- [Problem statement]: Give the number of lines in the data that hold the word "pitch", and nothing else.

- [Given data]:

--- START ---

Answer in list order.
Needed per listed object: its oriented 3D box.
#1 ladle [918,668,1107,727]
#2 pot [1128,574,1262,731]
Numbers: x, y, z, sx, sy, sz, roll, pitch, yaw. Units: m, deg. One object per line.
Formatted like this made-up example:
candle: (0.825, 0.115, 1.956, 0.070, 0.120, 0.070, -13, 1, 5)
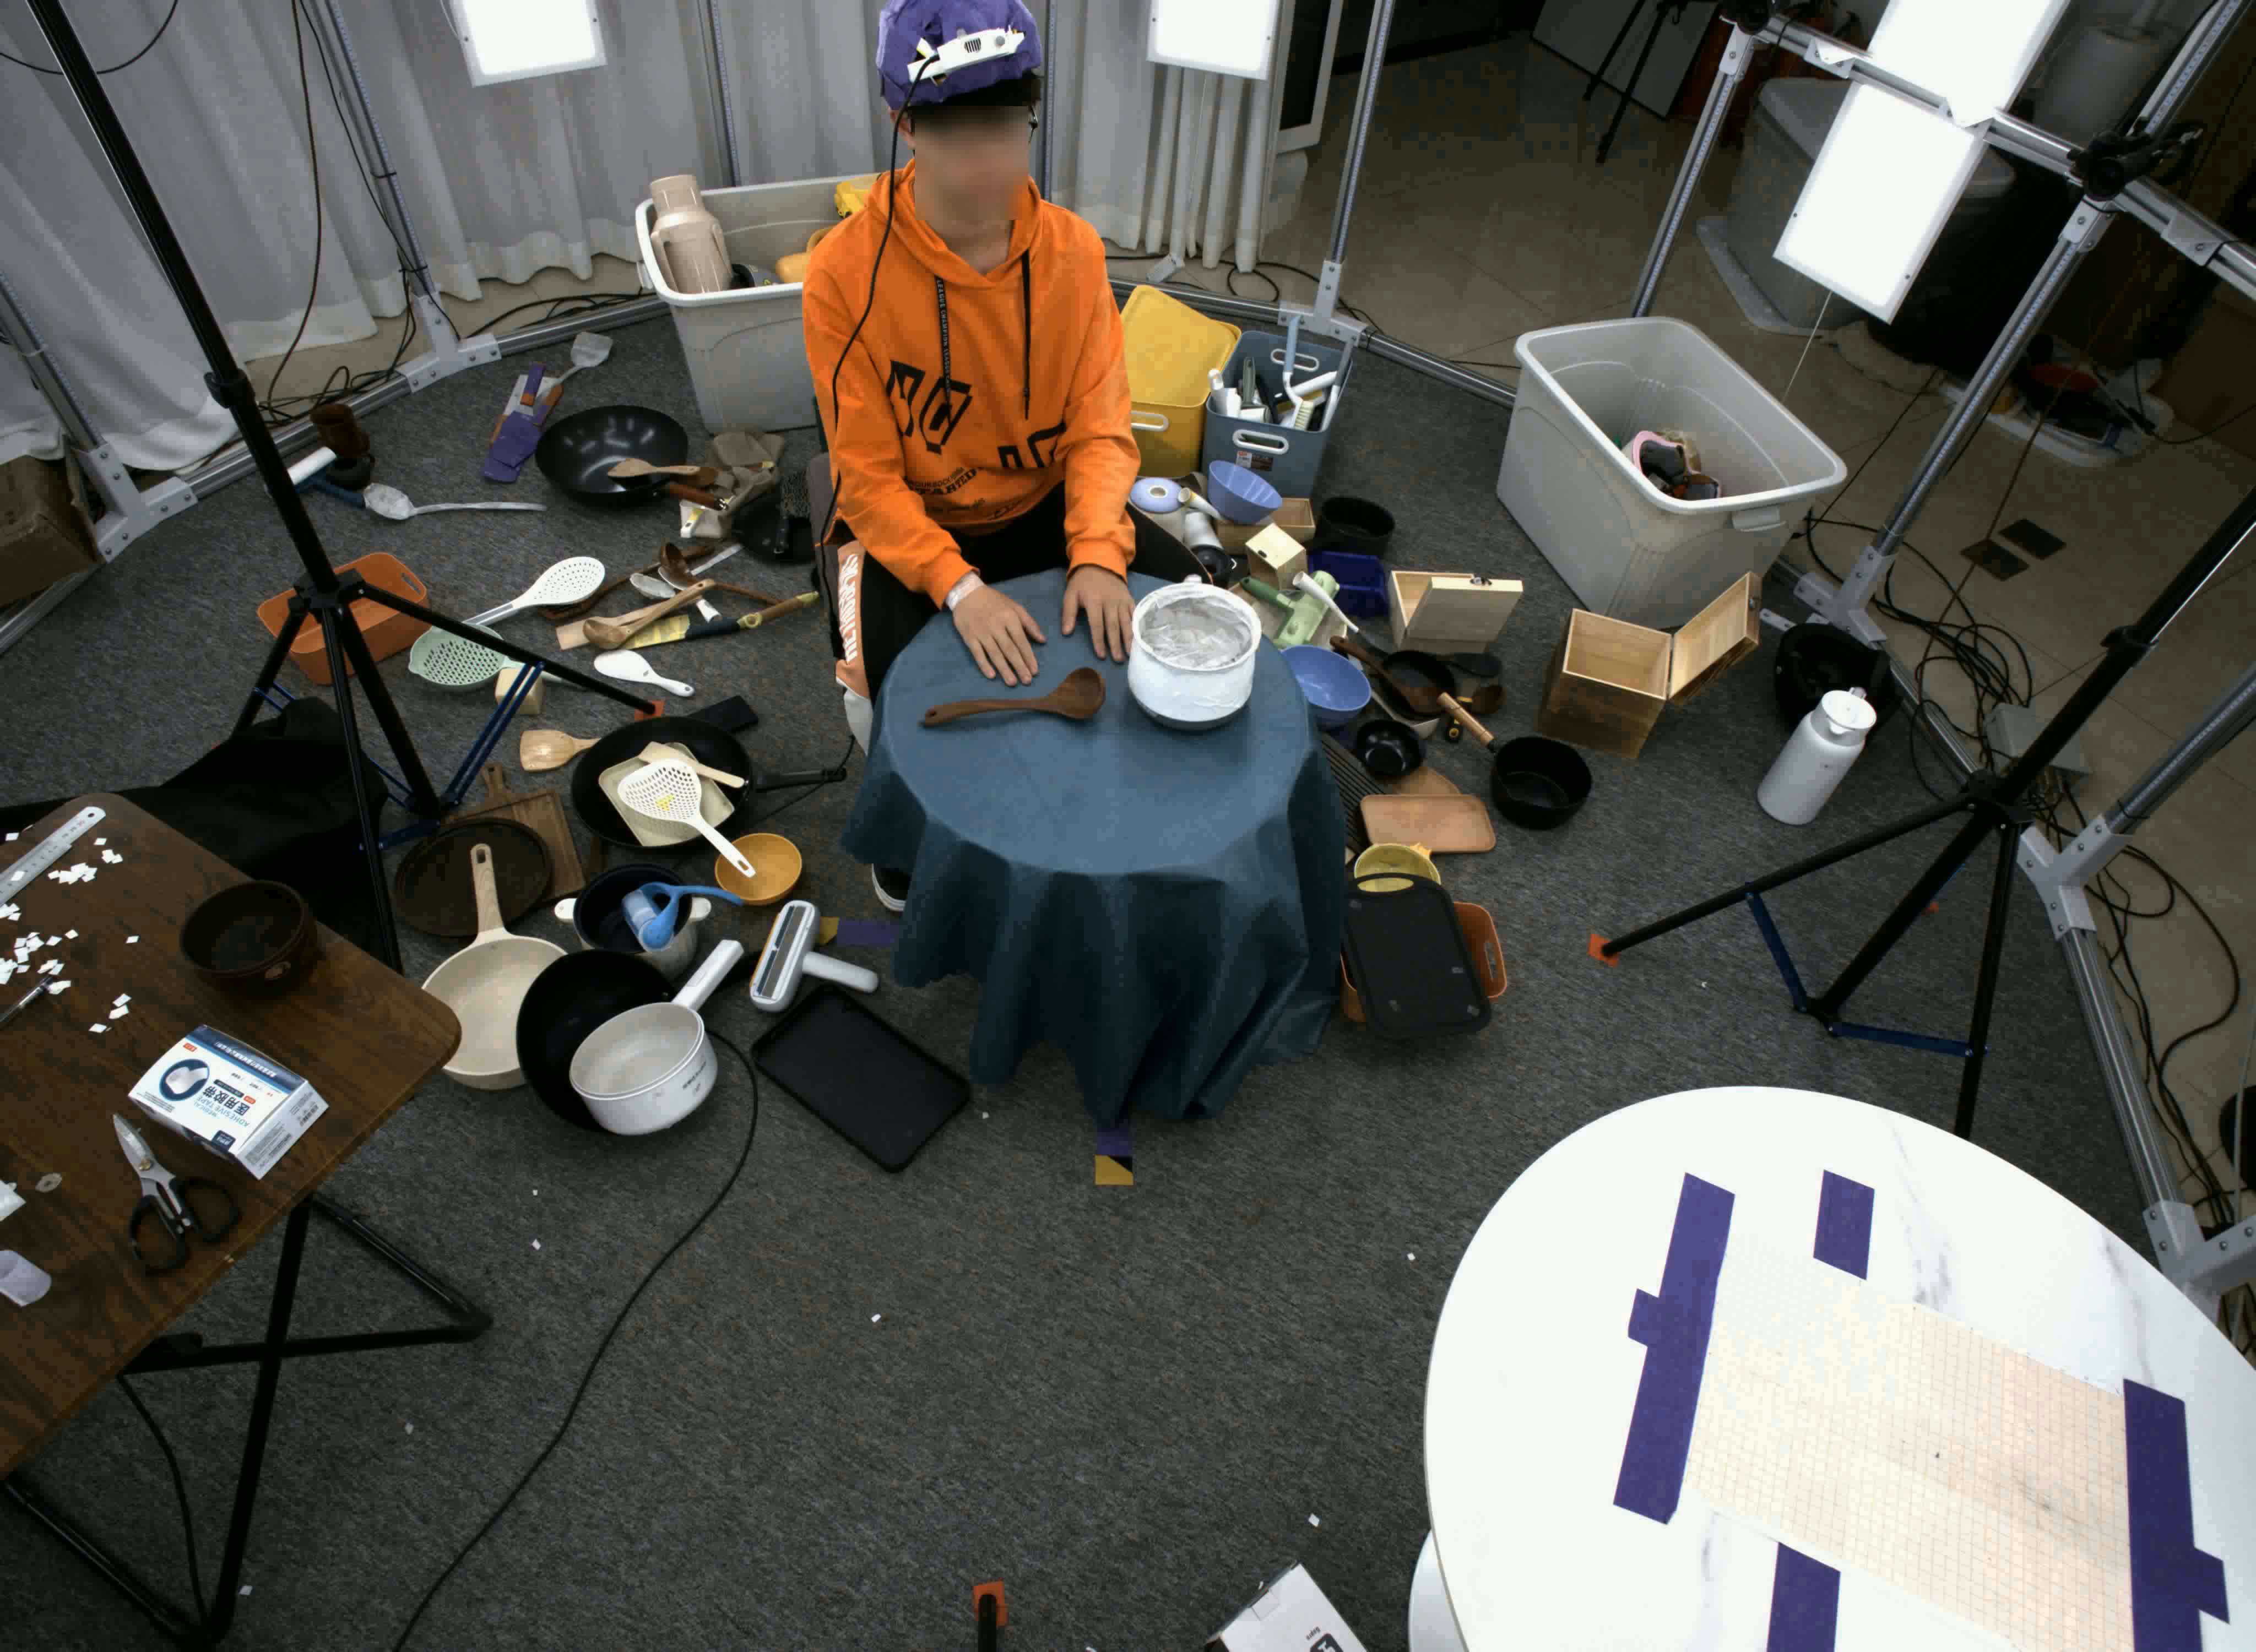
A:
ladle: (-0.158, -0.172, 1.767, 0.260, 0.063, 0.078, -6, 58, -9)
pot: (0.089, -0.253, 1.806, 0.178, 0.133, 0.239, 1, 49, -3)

--- END ---
--- START ---

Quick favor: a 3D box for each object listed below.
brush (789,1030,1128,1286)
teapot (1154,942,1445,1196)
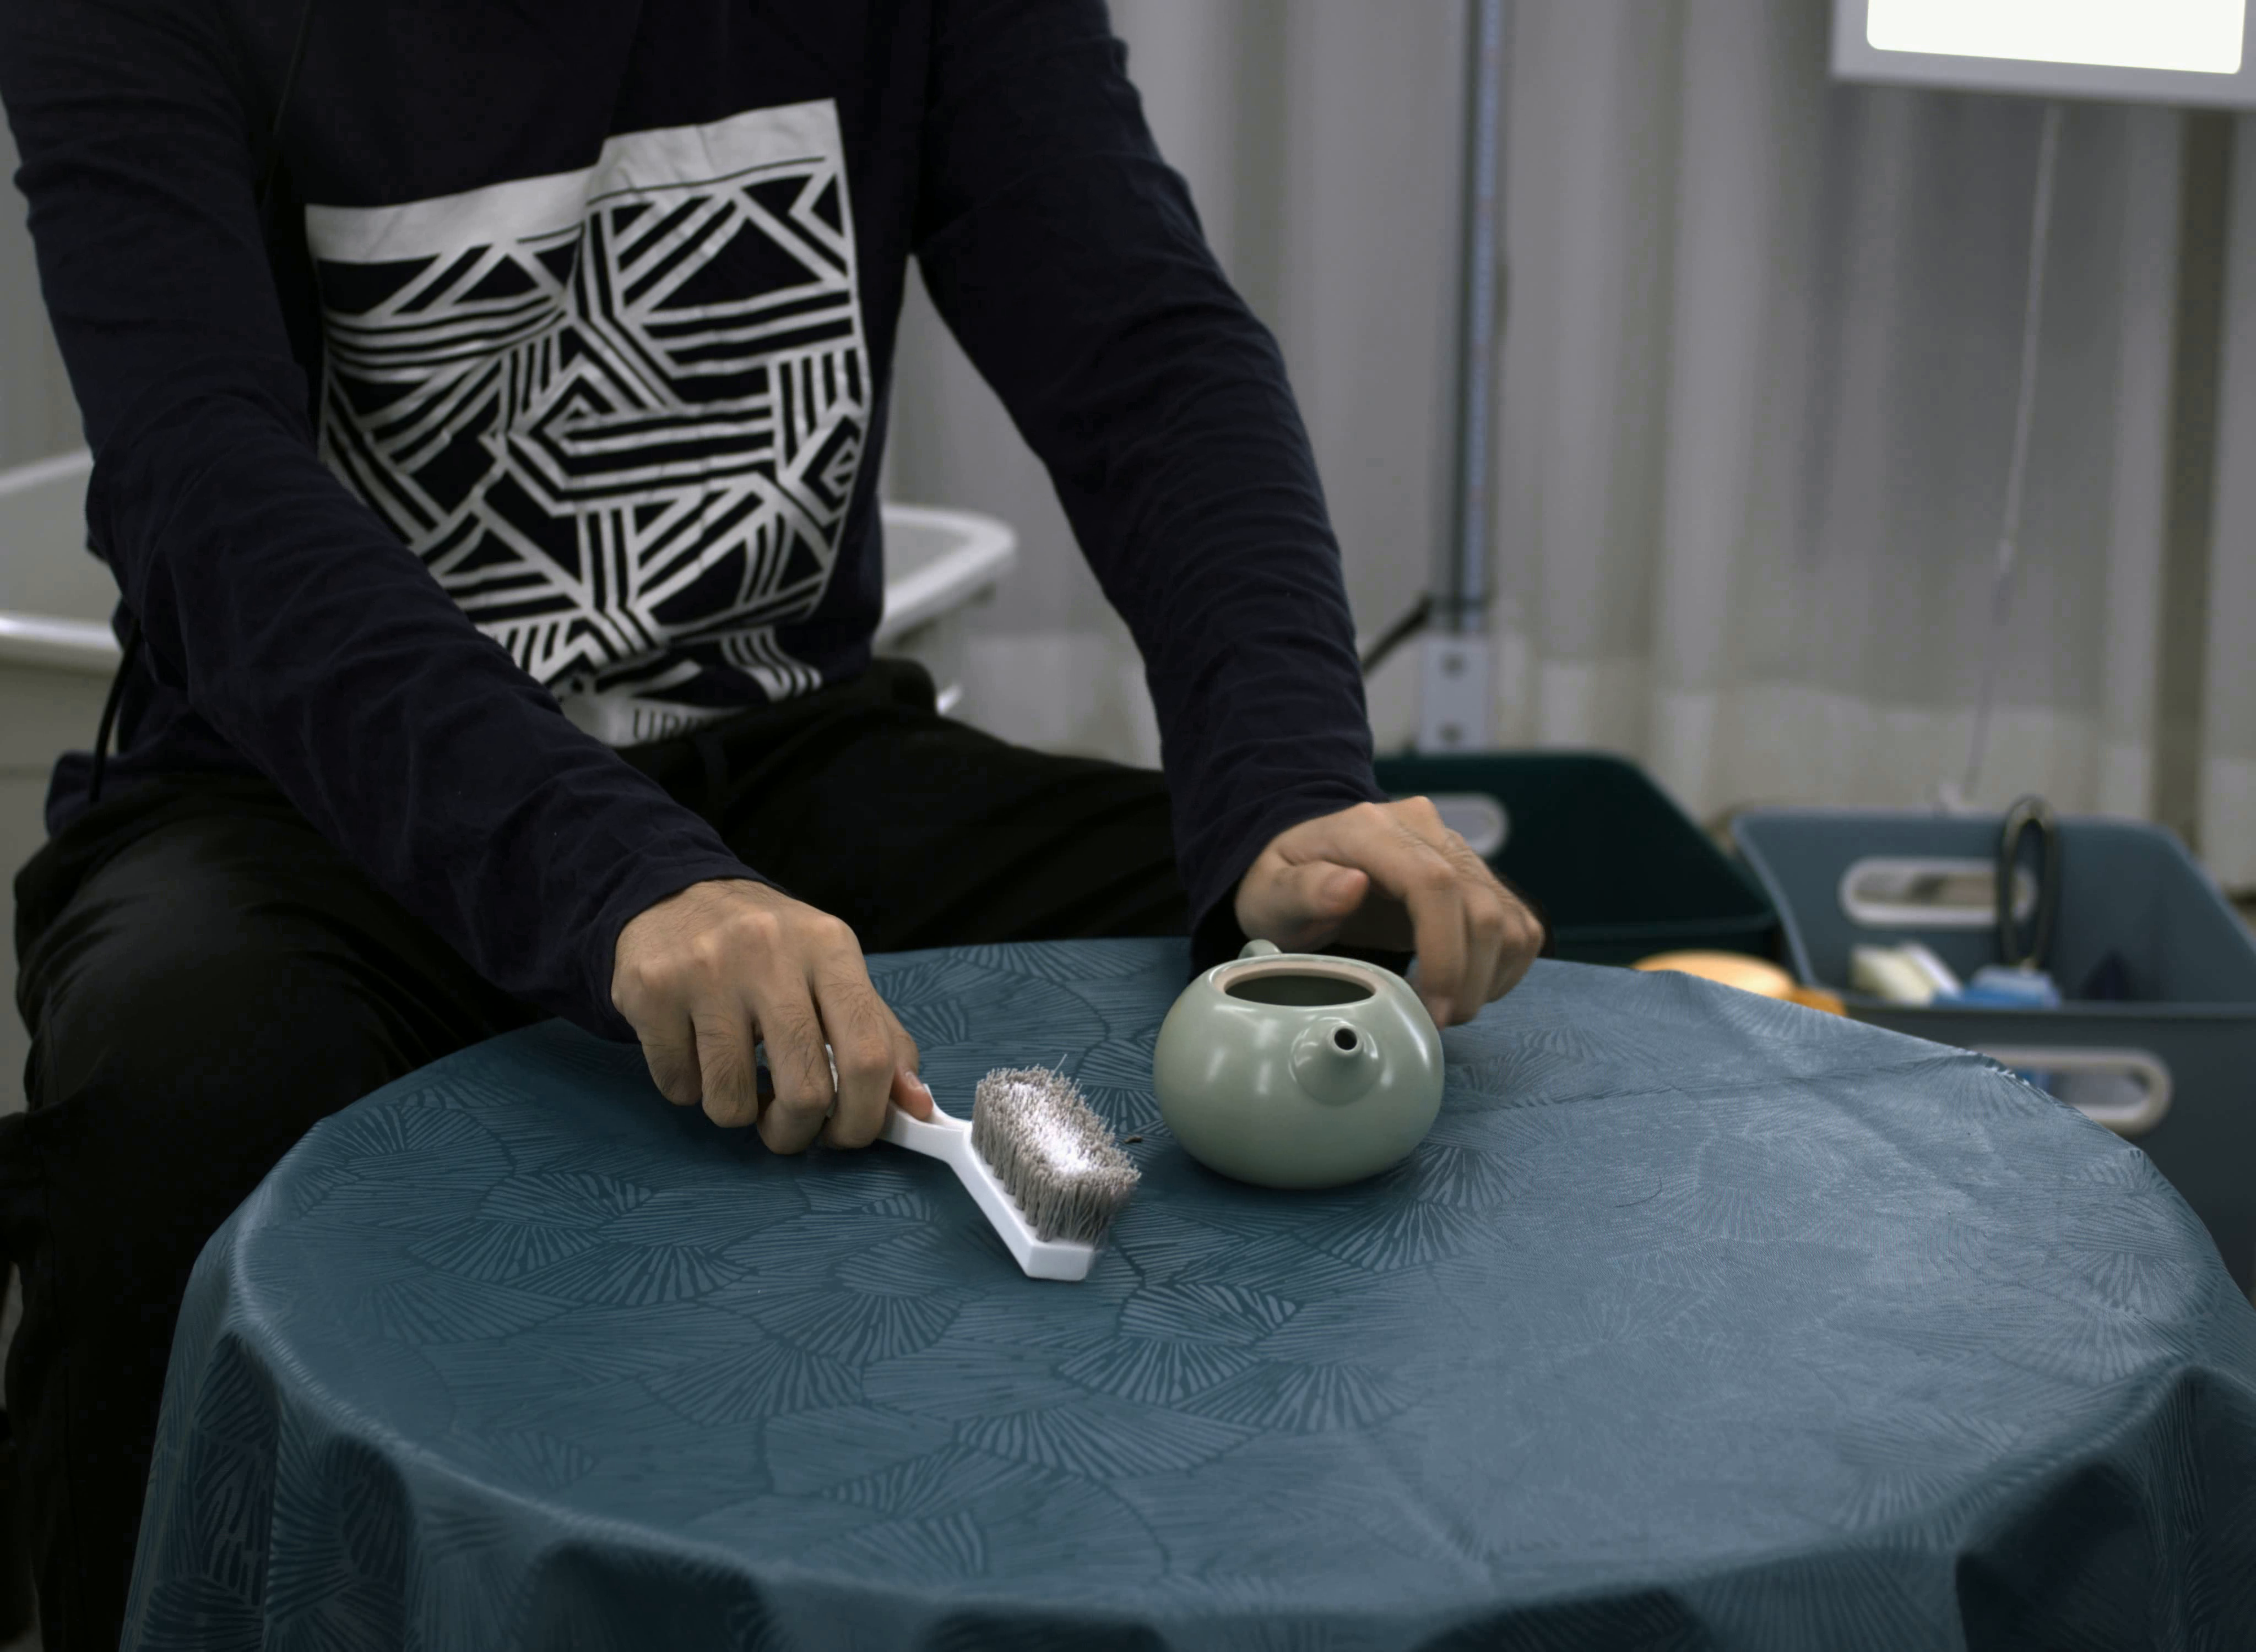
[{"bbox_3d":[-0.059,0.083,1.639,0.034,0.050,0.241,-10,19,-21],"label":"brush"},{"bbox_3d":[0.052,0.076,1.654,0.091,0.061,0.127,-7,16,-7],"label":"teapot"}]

--- END ---
--- START ---

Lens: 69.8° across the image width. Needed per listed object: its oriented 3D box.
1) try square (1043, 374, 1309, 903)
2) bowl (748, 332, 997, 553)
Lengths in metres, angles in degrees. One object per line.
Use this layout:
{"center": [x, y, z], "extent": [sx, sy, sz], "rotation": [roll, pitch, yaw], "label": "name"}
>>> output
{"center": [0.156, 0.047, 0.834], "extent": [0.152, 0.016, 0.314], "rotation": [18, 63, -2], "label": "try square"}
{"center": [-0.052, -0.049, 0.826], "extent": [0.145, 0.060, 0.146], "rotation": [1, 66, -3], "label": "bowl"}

--- END ---

- [Task answer]: 2